[...]
Een merkwaardig proces werd dezer dagen voor het Schepener gerechtshof te Charlottenburg, nabij Berlijn, gevoerd.
De populaire schrijver Karl May, auteur van een groot aantal avontuurvolle romans en verhalen, had een vervolging ingesteld tegen een zekeren heer Lebius, die hem in een brief aan een derde geboren misdadiger genoemd had.
De advocaat van Lebius verklaarde zich in zijn pleidooi bereid, het bewijs te leveren, dat Karl May driemaal wegens diefstal en roof veroordeeld werd tot negen jaar dwangarbeid.
Hij beweerde, dat Karl May het hoofd was geweest van een bende struikroovers, die de groote wegen onveilig maakte en wier schuilplaats het bosch van Waldenburg was. Gedurende verscheidene maanden was deze bende de schrik der in den buurt van Waldenburg gelegen boerenhoeven. Een klopjacht werd door de politie gehouden en May kon slechts ontkomen, door zich als gevangenbewaarder te vermommen, terwijl een zijner gezellen de rol van gevangene speelde.
Later werd May voor een ander misdrijf gearresteerd en onderging dientengevolge eenige jaren tuchthuisstraf. Losgelaten kwam hij op het denkbeeld door in romans zijn eigen avonturen te beschrijven, zijn brood te gaan verdienen.

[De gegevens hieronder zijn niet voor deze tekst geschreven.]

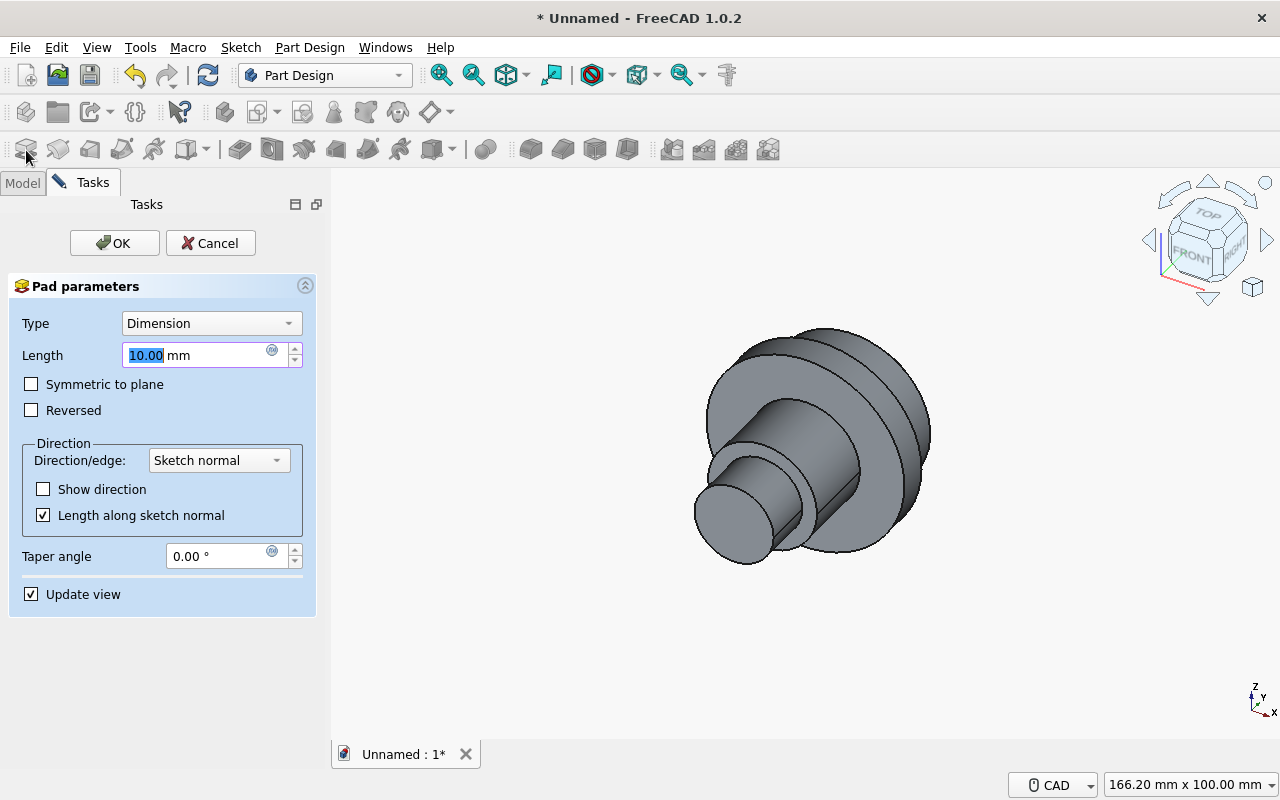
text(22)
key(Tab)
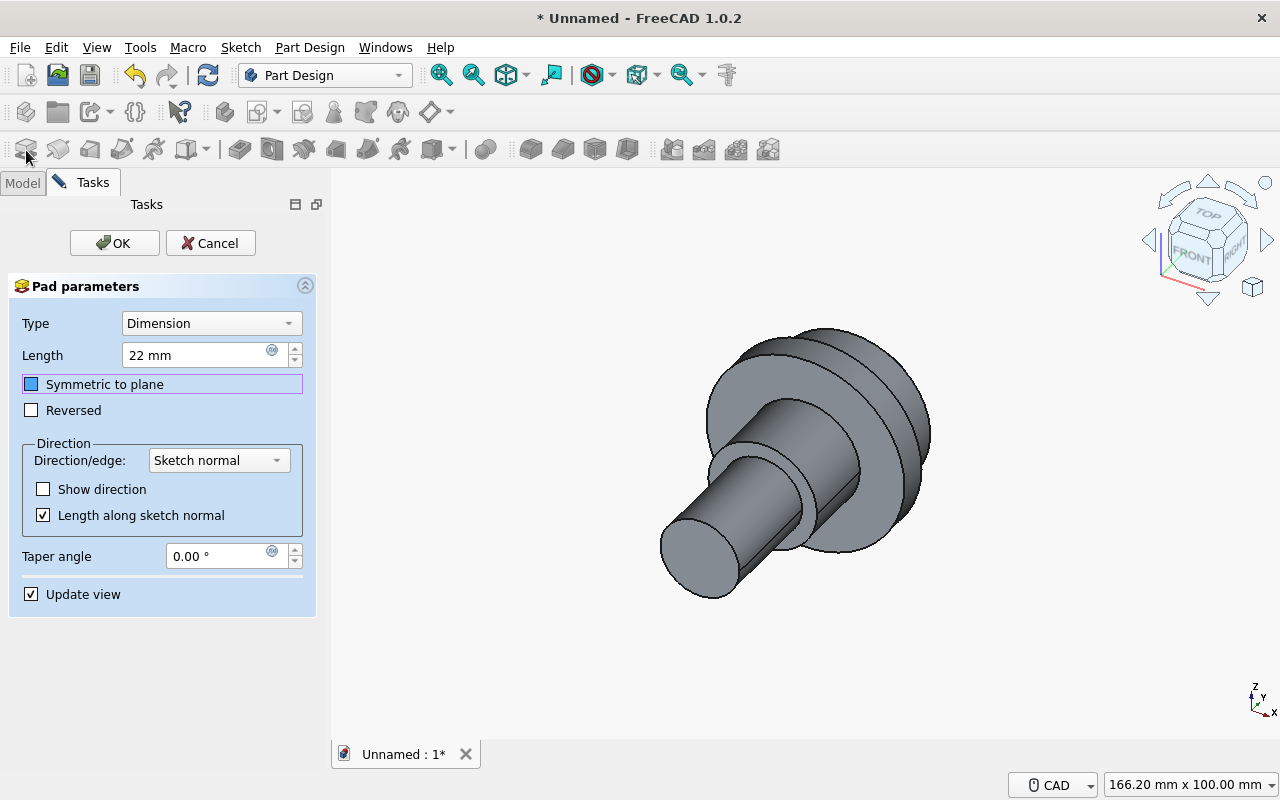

Als schrijver had May zijn diefstallen op litterair gebied voortgezet. Zijn boeken hangen van plagiaat aan elkaar. Toen zijn colportageromans hem geen middelen van bestaan meer opleverden, schreef hij terzelfder tijd stichtelijke tractaatjes en onzedelijke lectuur,waarop door de politie beslag gelegd werd. Ook als schrijver had, volgens Lebius verdediger, Karl May steeds alle kenteekenen van den geboren misdadiger bezeten.
Het dient opgemerkt, dat Karl May nadrukkelijk de beweringen van zijn tegenpartij ontkent. Weliswaar geeft hij toe, verscheidene malen veroordeeld te zijn, nooit echter voor diefstal. Ook zou hij nooit het hoofd eener rooverbende geweest zijn.
Lebius, die beweert, zijn inlichtingen ontvangen te hebben van een vrouw, met wie Karl May getrouwd geweest is, werd vrijgesproken.